= Bassols 1790 =

Bassols 1790 is probably the oldest still active textile company in the world.

==Heritage and history==
Bassols 1790 was founded in Spain in the city of Vic. Francisco Bassols set up the first linen weaving mills in Spain. By 1830, his son and successor, José Bassols Soler had established an industrial scale linen mill with a large number of hand looms on Sant Pere street.

When Jose Bassols Soler died in 1883, he left the business in the hands of his son Ramon Bassols Torras. Ramon changed the name of the company to Hijo de J. Bassols and built a new larger factory in Moià with hand looms. He also took advantage of the arrival of power looms and built a new factory with such looms in Sant Martí de Provençals (actual Barcelona).
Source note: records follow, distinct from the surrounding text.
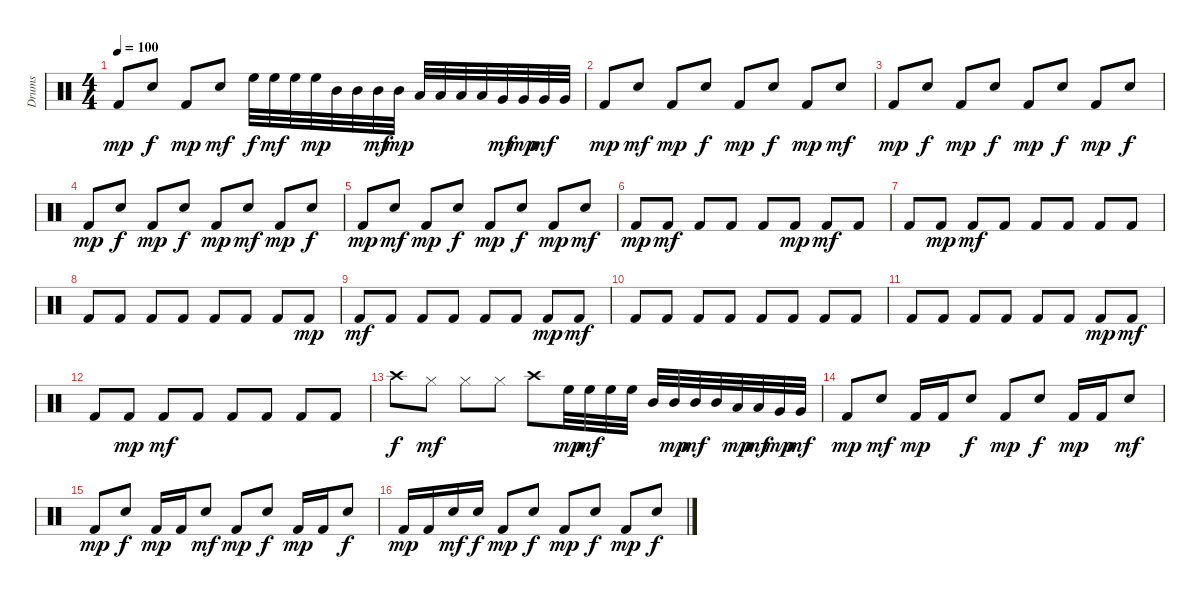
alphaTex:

\track ("Drums" "Drums") {instrument percussion}
\staff {score}
\articulation defaults
\ts (4 4)
\tempo 100
\clef neutral
\ks c "Kick (hit) 2".8{dy mp} "Snare (hit) 2".8{dy f} "Kick (hit) 2".8{dy mp} "Snare (hit) 2".8{dy mf} "High Floor Tom (hit)".32{dy f} "High Floor Tom (hit)".32{dy mf} "High Floor Tom (hit)".32 "High Floor Tom (hit)".32{dy mp} "Mid Tom (hit)".32 "Mid Tom (hit)".32 "Mid Tom (hit)".32{dy mf} "Mid Tom (hit)".32{dy mp} "Low Tom (hit)".32 "Low Tom (hit)".32 "Low Tom (hit)".32 "Low Tom (hit)".32 "Very Low Tom (hit)".32{dy mf} "Very Low Tom (hit)".32{dy mp} "Very Low Tom (hit)".32{dy mf} "Very Low Tom (hit)".32
|
"Kick (hit) 2".8{dy mp} "Snare (hit) 2".8{dy mf} "Kick (hit) 2".8{dy mp} "Snare (hit) 2".8{dy f} "Kick (hit) 2".8{dy mp} "Snare (hit) 2".8{dy f} "Kick (hit) 2".8{dy mp} "Snare (hit) 2".8{dy mf} |
"Kick (hit) 2".8{dy mp} "Snare (hit) 2".8{dy f} "Kick (hit) 2".8{dy mp} "Snare (hit) 2".8{dy f} "Kick (hit) 2".8{dy mp} "Snare (hit) 2".8{dy f} "Kick (hit) 2".8{dy mp} "Snare (hit) 2".8{dy f} |
"Kick (hit) 2".8{dy mp} "Snare (hit) 2".8{dy f} "Kick (hit) 2".8{dy mp} "Snare (hit) 2".8{dy f} "Kick (hit) 2".8{dy mp} "Snare (hit) 2".8{dy mf} "Kick (hit) 2".8{dy mp} "Snare (hit) 2".8{dy f} |
"Kick (hit) 2".8{dy mp} "Snare (hit) 2".8{dy mf} "Kick (hit) 2".8{dy mp} "Snare (hit) 2".8{dy f} "Kick (hit) 2".8{dy mp} "Snare (hit) 2".8{dy f} "Kick (hit) 2".8{dy mp} "Snare (hit) 2".8{dy mf} |
"Kick (hit) 2".8{dy mp} "Kick (hit) 2".8{dy mf} "Kick (hit) 2".8 "Kick (hit) 2".8 "Kick (hit) 2".8 "Kick (hit) 2".8{dy mp} "Kick (hit) 2".8{dy mf} "Kick (hit) 2".8 |
"Kick (hit) 2".8 "Kick (hit) 2".8{dy mp} "Kick (hit) 2".8{dy mf} "Kick (hit) 2".8 "Kick (hit) 2".8 "Kick (hit) 2".8 "Kick (hit) 2".8 "Kick (hit) 2".8 |
"Kick (hit) 2".8 "Kick (hit) 2".8 "Kick (hit) 2".8 "Kick (hit) 2".8 "Kick (hit) 2".8 "Kick (hit) 2".8 "Kick (hit) 2".8 "Kick (hit) 2".8{dy mp} |
"Kick (hit) 2".8{dy mf} "Kick (hit) 2".8 "Kick (hit) 2".8 "Kick (hit) 2".8 "Kick (hit) 2".8 "Kick (hit) 2".8 "Kick (hit) 2".8{dy mp} "Kick (hit) 2".8{dy mf} |
"Kick (hit) 2".8 "Kick (hit) 2".8 "Kick (hit) 2".8 "Kick (hit) 2".8 "Kick (hit) 2".8 "Kick (hit) 2".8 "Kick (hit) 2".8 "Kick (hit) 2".8 |
"Kick (hit) 2".8 "Kick (hit) 2".8 "Kick (hit) 2".8 "Kick (hit) 2".8 "Kick (hit) 2".8 "Kick (hit) 2".8 "Kick (hit) 2".8{dy mp} "Kick (hit) 2".8{dy mf} |
"Kick (hit) 2".8 "Kick (hit) 2".8{dy mp} "Kick (hit) 2".8{dy mf} "Kick (hit) 2".8 "Kick (hit) 2".8 "Kick (hit) 2".8 "Kick (hit) 2".8 "Kick (hit) 2".8 |
"Crash high (hit)".8{dy f} "Hi-Hat (closed)".8{dy mf} "Hi-Hat (closed)".8 "Hi-Hat (closed)".8 "Crash high (hit)".8 "High Floor Tom (hit)".32{dy mp} "High Floor Tom (hit)".32{dy mf} "High Floor Tom (hit)".32 "High Floor Tom (hit)".32 "Mid Tom (hit)".32 "Mid Tom (hit)".32{dy mp} "Mid Tom (hit)".32{dy mf} "Mid Tom (hit)".32 "Low Tom (hit)".32{dy mp} "Low Tom (hit)".32{dy mf} "Very Low Tom (hit)".32{dy mp} "Very Low Tom (hit)".32{dy mf} |
"Kick (hit) 2".8{dy mp} "Snare (hit) 2".8{dy mf} "Kick (hit) 2".16{dy mp} "Kick (hit) 2".16 "Snare (hit) 2".8{dy f} "Kick (hit) 2".8{dy mp} "Snare (hit) 2".8{dy f} "Kick (hit) 2".16{dy mp} "Kick (hit) 2".16 "Snare (hit) 2".8{dy mf} |
"Kick (hit) 2".8{dy mp} "Snare (hit) 2".8{dy f} "Kick (hit) 2".16{dy mp} "Kick (hit) 2".16 "Snare (hit) 2".8{dy mf} "Kick (hit) 2".8{dy mp} "Snare (hit) 2".8{dy f} "Kick (hit) 2".16{dy mp} "Kick (hit) 2".16 "Snare (hit) 2".8{dy f} |
"Kick (hit) 2".16{dy mp} "Kick (hit) 2".16 "Snare (hit) 2".16{dy mf} "Snare (hit) 2".16{dy f} "Kick (hit) 2".8{dy mp} "Snare (hit) 2".8{dy f} "Kick (hit) 2".8{dy mp} "Snare (hit) 2".8{dy f} "Kick (hit) 2".8{dy mp} "Snare (hit) 2".8{dy f}

Building upon the remarkable initiative of Francisco and the conservative perseverance of Jose, Ramon Bassols Torras was "one of the first to apply modern mechanical methods to his industry and understood perfectly all the possibilities of flax spinning".

In 1909, Ramon Bassols Torras transferred all three of his factories to Teià where they remain today. In 1888 and 1929, the company competed in national textile exhibitions obtaining gold medals in both. In 1935, Ramon Bassols Torras formed the present company called Hijo de J. Bassols, S.A. in which his children, José Maria Bassols Llata and Ramon Bassols Oliba worked as directors with their father.

After surviving the Spanish Civil War and World War II, direction of the company was taken over by Jose Maria Bassols Llata in 1950. Under his leadership the company continued its focus on manufacturing and opened a jacquard weaving factory in Europe in 1960. This was followed by the launch of Bassols first tablecloth collection in 1969.

In 1980 Bassols launched its first home textile collection and began a transition from a specialty linen manufacturer to a much broader based home textile brand. This transformation was accelerated under the direction of Jose Bassols Lopez de Sagredo and his brother Javier Bassols Lopez de Sagredo who took over from his father as president in 1992. Jose Bassols drove the process of changing the company culture from its manufacturing roots to being fashion, marketing and brand driven.